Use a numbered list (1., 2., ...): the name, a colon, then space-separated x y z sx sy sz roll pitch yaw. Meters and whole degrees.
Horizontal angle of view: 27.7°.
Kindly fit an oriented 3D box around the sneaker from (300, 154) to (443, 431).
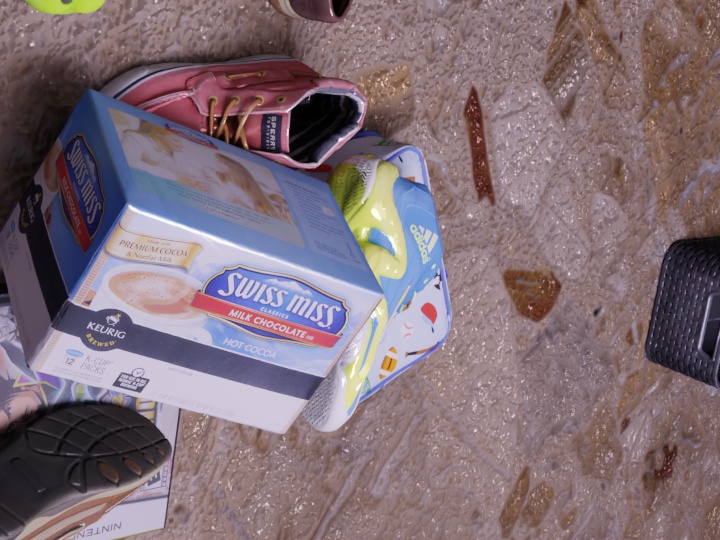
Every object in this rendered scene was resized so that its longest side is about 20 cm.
1. sneaker: 0.015 0.020 1.066 0.104 0.075 0.202 8 96 -40

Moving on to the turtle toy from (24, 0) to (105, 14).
1. turtle toy: -0.199 -0.241 0.830 0.145 0.101 0.201 -38 130 -28

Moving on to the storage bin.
1. storage bin: 0.409 0.041 1.574 0.199 0.093 0.137 -6 110 -45

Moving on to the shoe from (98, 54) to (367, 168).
1. shoe: -0.091 -0.104 1.004 0.199 0.091 0.072 -19 120 -39

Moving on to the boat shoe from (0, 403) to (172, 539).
1. boat shoe: -0.214 0.150 0.972 0.199 0.076 0.074 -18 147 -50

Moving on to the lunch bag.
1. lunch bag: 0.000 0.000 1.155 0.160 0.075 0.202 -34 127 -34

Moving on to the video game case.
1. video game case: -0.203 0.104 1.026 0.180 0.025 0.202 -5 110 -44

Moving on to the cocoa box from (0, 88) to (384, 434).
1. cocoa box: -0.110 -0.003 0.943 0.199 0.134 0.132 20 118 -35

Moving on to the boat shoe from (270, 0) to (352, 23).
1. boat shoe: -0.002 -0.272 1.038 0.072 0.072 0.202 20 91 -48

####

▸ Problem statement
Because the pictures are not wanted, retype only the text of every record, exactly as given.

▸ The answer
Use a numbered list (1., 2., ...): the name, a colon, then space-separated x y z sx sy sz roll pitch yaw. Meters and whole degrees.
Horizontal angle of view: 27.7°.
Kindly fit an oriented 3D box around the sneaker from (300, 154) to (443, 431).
Every object in this rendered scene was resized so that its longest side is about 20 cm.
1. sneaker: 0.015 0.020 1.066 0.104 0.075 0.202 8 96 -40

Moving on to the turtle toy from (24, 0) to (105, 14).
1. turtle toy: -0.199 -0.241 0.830 0.145 0.101 0.201 -38 130 -28

Moving on to the storage bin.
1. storage bin: 0.409 0.041 1.574 0.199 0.093 0.137 -6 110 -45

Moving on to the shoe from (98, 54) to (367, 168).
1. shoe: -0.091 -0.104 1.004 0.199 0.091 0.072 -19 120 -39

Moving on to the boat shoe from (0, 403) to (172, 539).
1. boat shoe: -0.214 0.150 0.972 0.199 0.076 0.074 -18 147 -50

Moving on to the lunch bag.
1. lunch bag: 0.000 0.000 1.155 0.160 0.075 0.202 -34 127 -34

Moving on to the video game case.
1. video game case: -0.203 0.104 1.026 0.180 0.025 0.202 -5 110 -44

Moving on to the cocoa box from (0, 88) to (384, 434).
1. cocoa box: -0.110 -0.003 0.943 0.199 0.134 0.132 20 118 -35

Moving on to the boat shoe from (270, 0) to (352, 23).
1. boat shoe: -0.002 -0.272 1.038 0.072 0.072 0.202 20 91 -48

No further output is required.